Researchers have found that Majorana particles could be used as critical building blocks for quantum computers. The particles were predicted more than 80 years ago by Italian theoretical physicist Ettore Majorana.
Unusual properties of the Majorana particles make them resistant to external interference and prevent any loss of quantum information.
Quantum computers are capable of solving problems quickly and efficiently, potentially offering significant enhancement in situational awareness with the capability to process large amounts of available data.
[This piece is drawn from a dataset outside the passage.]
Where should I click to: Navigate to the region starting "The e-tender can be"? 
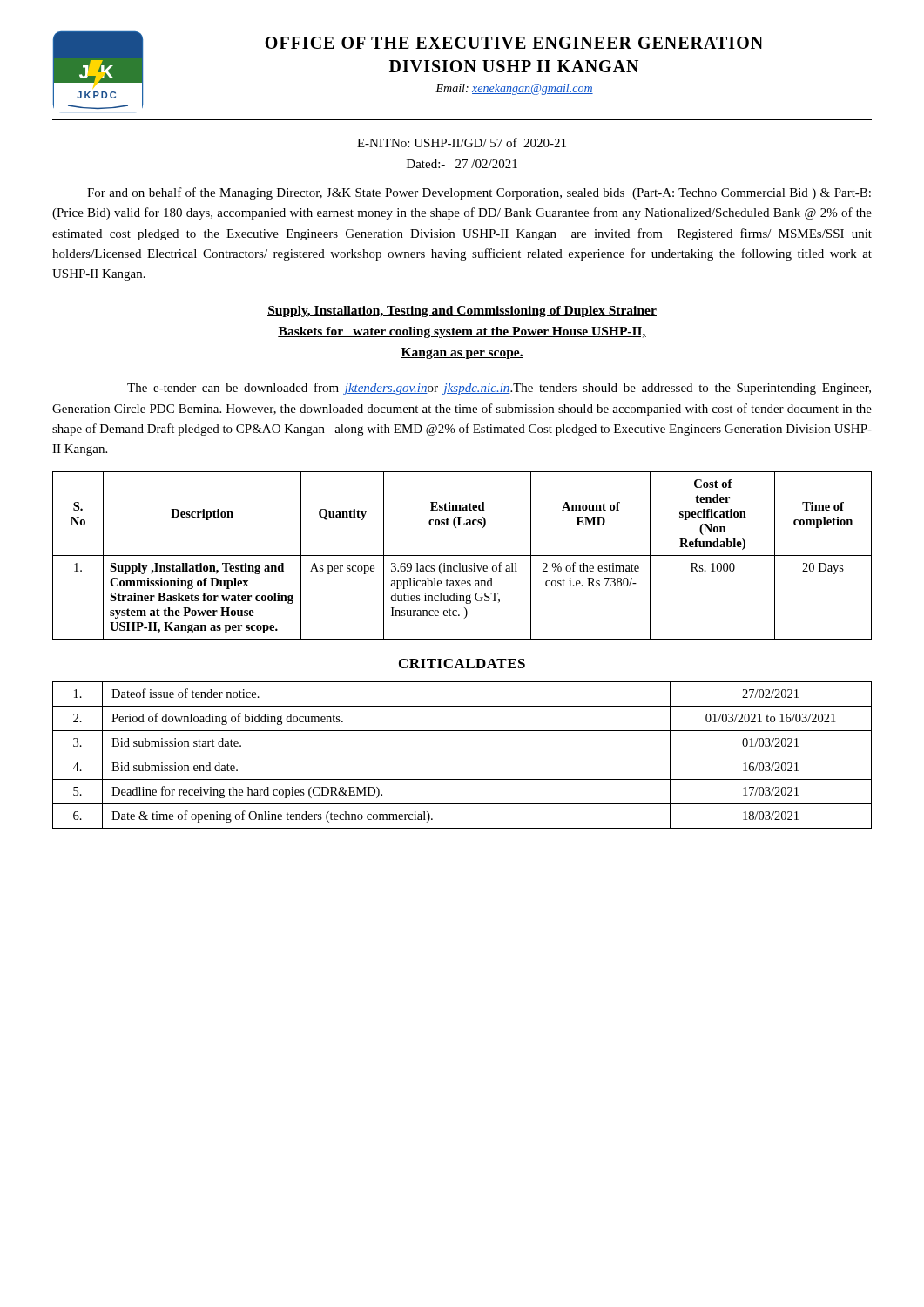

This is a fundamental priority research area for the US Army.
Army Research Office (ARO) Engineering Sciences Directorate solid-state electronics programme manager Dr Joe Qiu said: “Because the Majorana particle is its own anti-particle, carrying zero electrical charge, it is viewed as the best candidate to carry a quantum bit, or qubit, the unit of data that would be the foundation of quantum computers.
“Unlike ‘bits’ of data in standard computers, which can be represented as either 0s or 1s, qubits have the ability to be both 0s and 1s, a property that would give quantum computers exponentially more computing power and speed than today’s best supercomputers.”
The research team of scientists at UCLA received funding from an Army Multidisciplinary University Research Initiative award that is jointly managed by electronics, physics and materials divisions at ARO.
UCLA postdoctoral scholar Qing Lin He said: “The Majorana particles show up and behave like halves of an electron, although they aren’t pieces of electrons.
“We observed quantum behaviour, and the signal we saw clearly showed the existence of these particles.”
The next step of the research will explore the potential use of the Majorana particles in quantum braiding, which would knit them together to allow information to be stored and processed at ‘super’ high speeds.
The research team also includes members from UC Irvine, UC Davis and Stanford University.